By the way, how long has she been gone?


----------



## Darrien (Mar 22, 2012)

ImStillHere said:


> By the way, how long has she been gone?


About 8 months, but she's left him a couple of times and come back, but each time the texting started again and she went back.

Too proud now to do that again.
I forsook my dignity in order to save the very most important thing in my life, but got that kicked in my face,

Got to walk that path alone now.
Could never have her back again.

Do I feel like crying sometimes?
Yeah, of course I do.
Wouldn't have been a loving husband if I didn't feel that way.

It's a hard lesson to take, but that's what I have to do. 

Thank you all for your kindness.

D.


----------



## BronteVillette (Jun 16, 2012)

My heart goes out to you, Darrien. I wish I had some words of wisdom but I am in a similar boat as you and also astonished at the seemingly "out of the blue" life change my husband has made. You think you are in sync with someone and then... 
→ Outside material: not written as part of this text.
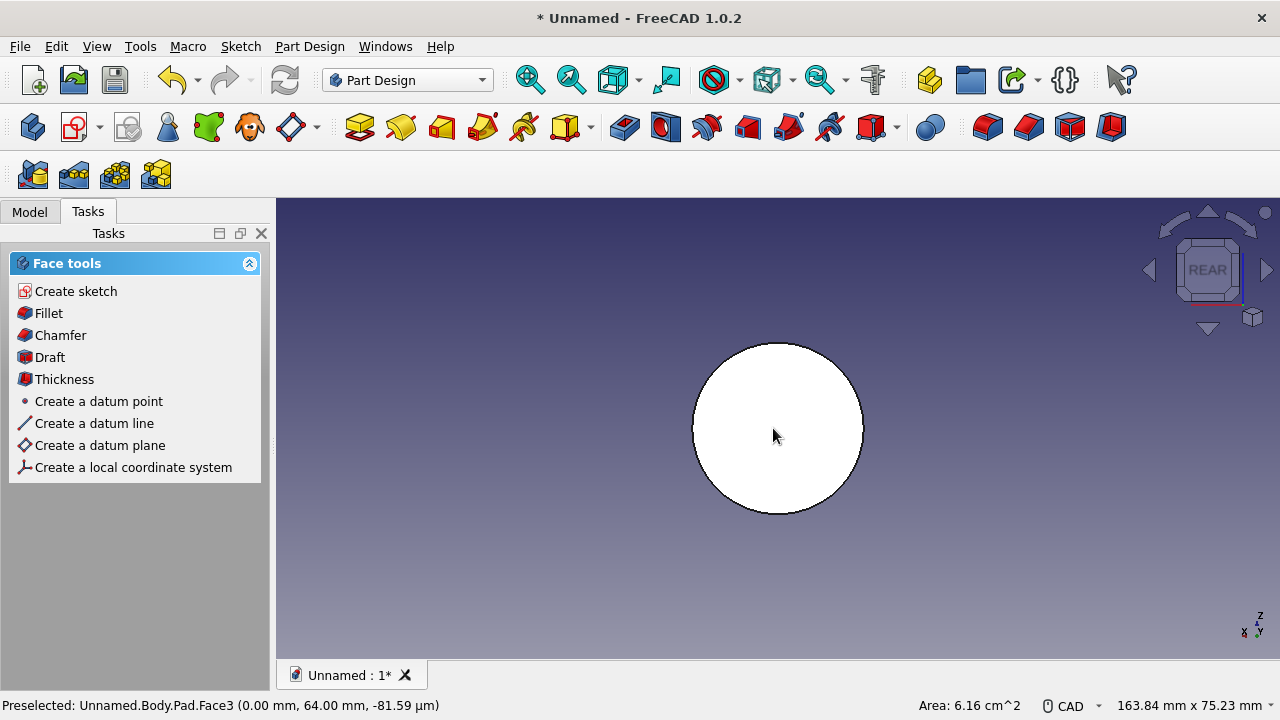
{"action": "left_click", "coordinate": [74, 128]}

I wish you all the love and support you will need during this trying time. This group is fantastic and I know you will find comfort here, as I have, if you continue to read and post. If I didn't have this outlet and support system, I don't know what I'd do.


----------



## sadwithouthim (Dec 8, 2011)

Hi Darren

We spoke previously in pm awhile back. Its very scary and very hard after such a long life together. I'm so sorry the R didn't work. That must have been heartbreaking to go through the loss again. 
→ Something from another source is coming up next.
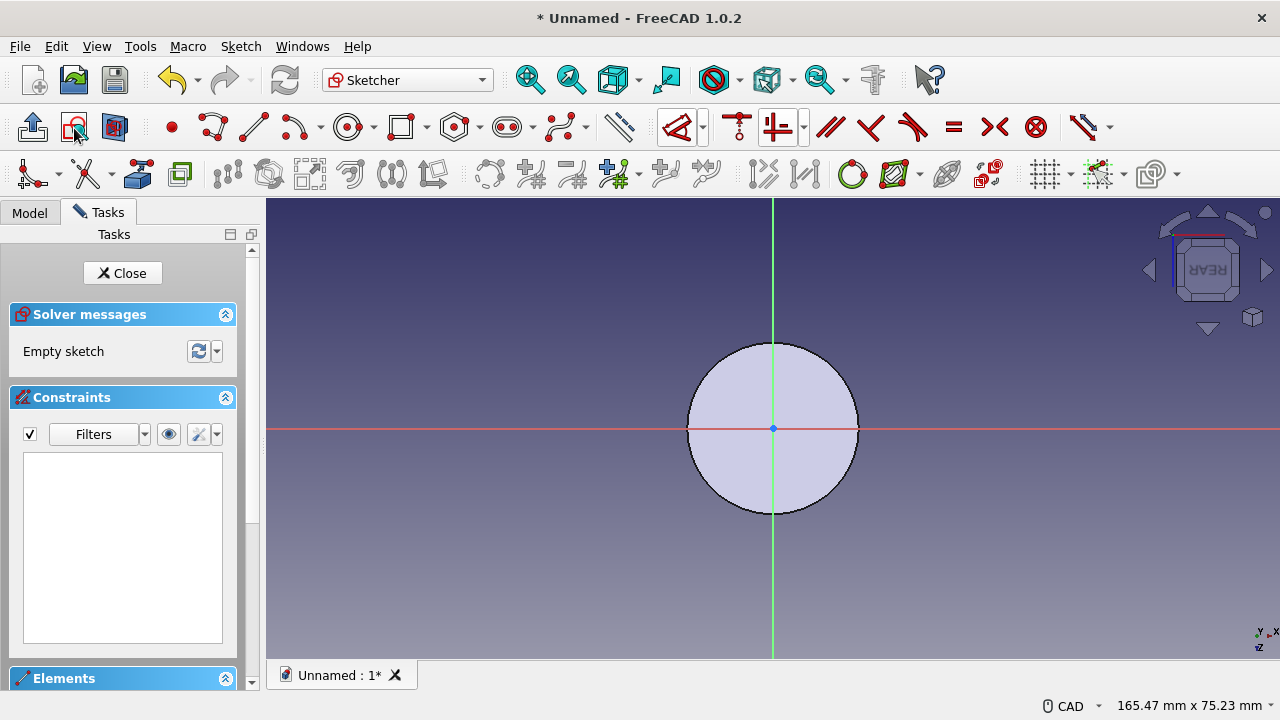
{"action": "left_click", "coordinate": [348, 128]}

Are you still working or retired early?
_Posted via Mobile Device_


----------



## Darrien (Mar 22, 2012)

Hi Sad,

Thanks for your reply. I'm just working part time ATM.
Guess this is a tough road for everyone.
I doubt R ever really works after that trust has been breached.
Was always a family orientated guy and never expected to end up like this after what seemed to be a pretty happy marriage.
Reading TAM I see I am not alone!


----------



## Conrad&Janie (Jul 2, 2012)

Darrien said:


> About 8 months, but she's left him a couple of times and come back, but each time the texting started again and she went back.
> 
> Too proud now to do that again.
> I forsook my dignity in order to save the very most important thing in my life, but got that kicked in my face,
> ...


Darrien,

Did you think about removing text capability from her phone?


----------



## Darrien (Mar 22, 2012)

> Did you think about removing text capability from her phone?
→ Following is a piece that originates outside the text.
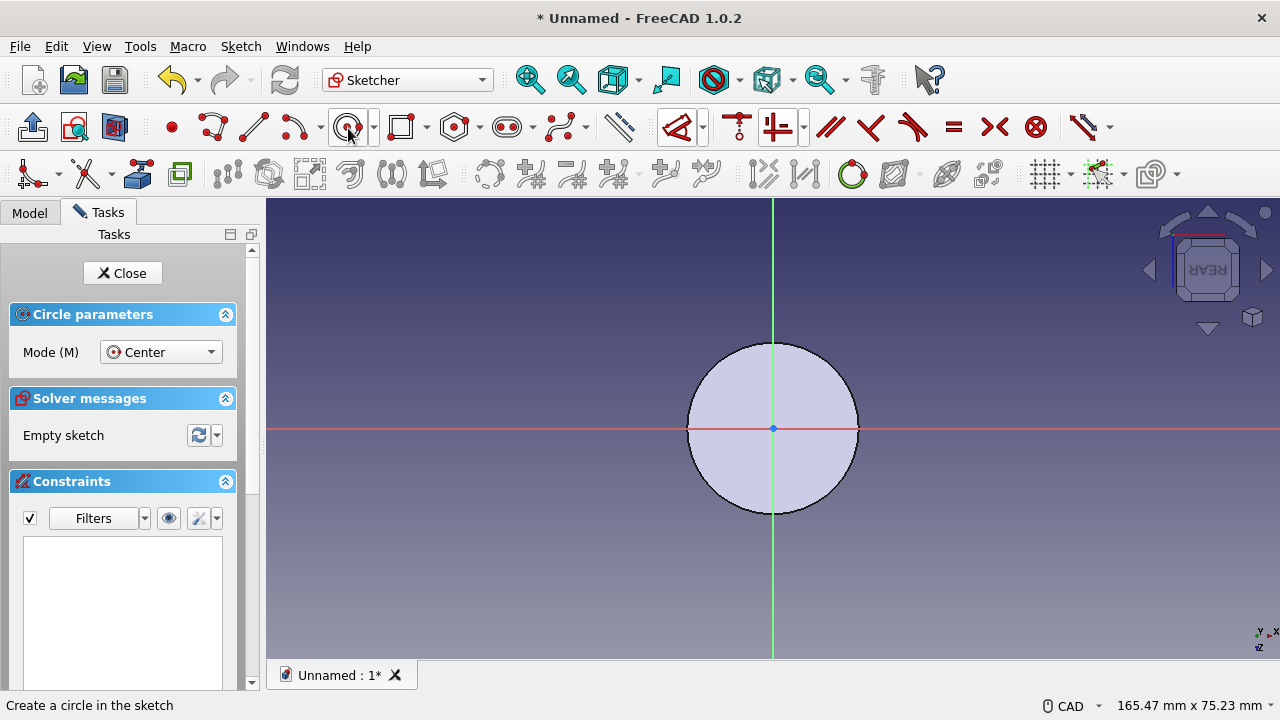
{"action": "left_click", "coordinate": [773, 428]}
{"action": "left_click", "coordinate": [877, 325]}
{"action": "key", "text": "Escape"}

I don't think these kind of tactics work really.
It's like trying to collect frogs in a bucket.
If they have the motivation, they will find a way IMO.

If there was something that could remove the cheating capability from her soul and her brain, then that would be something worthwhile.


----------



## sadsoul101 (Oct 18, 2011)

Hi Darrien,

Thank you sharing your story. The grief and sense of betrayl must be unreal. 

How are you coping?


----------



## Pluto2 (Aug 17, 2011)

Darrien,
So sorry you're here. I'm dealing with 27 years of marriage gone. When I discovered what my STBXH was up to, I ended things. Before D day we had been in MC, but he refused to continue so that didn't help. Guess I know now why he stopped it. In that regard I can't say I was totally blindsided since we had our share of problems. Still after all this time I wanted him to make an effort, some effort to try to save the marriage and I got nothing. 
I know your pain and we just have to keep breathing. I never once thought that at this stage of my life I'd be where I am.


----------